U.S. District Judge Liles Burke recently denied a petition from the Department of Justice (DOJ) asking the state to delay deliberations on the trial challenging Alabama's ban on prescribing transgender hormones and medications to minors.

The DOJ asked for Alabama's case while similar challenges on near-identical laws on transgender operations for minors are challenged in other states. The Supreme Court could likely take up lower court decisions, allowing similar bans to take effect in other states.  

Burke rejected the DOJ's request. However, he did intimate openness to reconsideration in the future.

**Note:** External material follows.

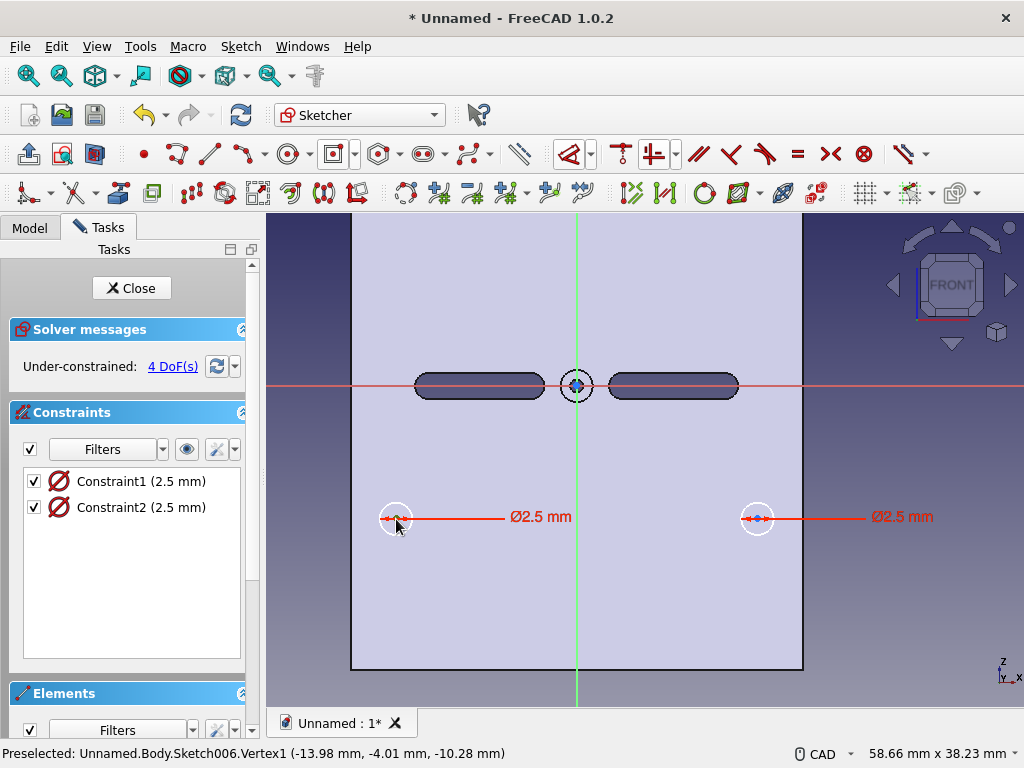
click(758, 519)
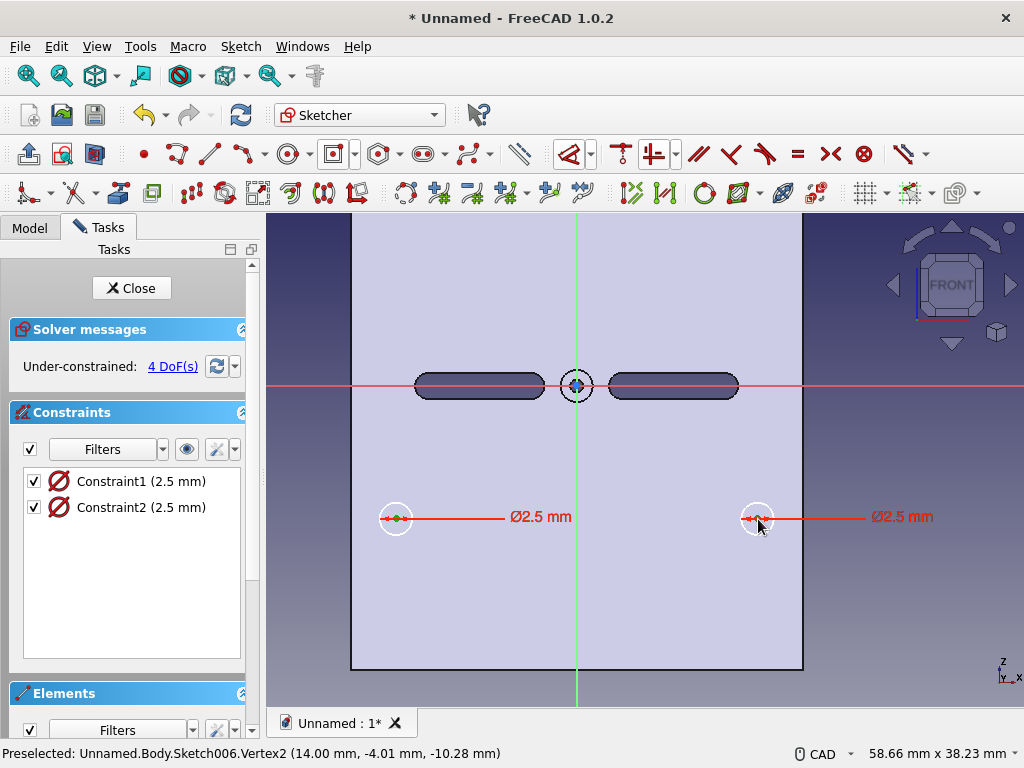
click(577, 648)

In April 2022, Gov. Kay Ivey signed VCAP (SB184) into law, which prohibits doctors in Alabama from performing transgender operations or prescribing cross-sex hormones and puberty blockers to individuals under 19. 

VCAP went into effect on May 8, 2022, but was blocked by U.S. District Judge Liles Burke a few days later. The injunction by Burke came after multiple parties added themselves as plaintiffs in the case, including five transgender minors by way of their parents, the United States of America and Kaitlin Toyama, an attorney-advisor with the civil rights division of the DOJ.

Related: Federal judge rules 'Rachel Levine' records subject to discovery in Alabama transgender operation for minors ban defense

A three-judge panel of the 11th Circuit Court of Appeals questioned U.S. attorneys as to why the DOJ asserted itself in the case in the first place. Burkes will preside over the trial, slated to begin in April 2024.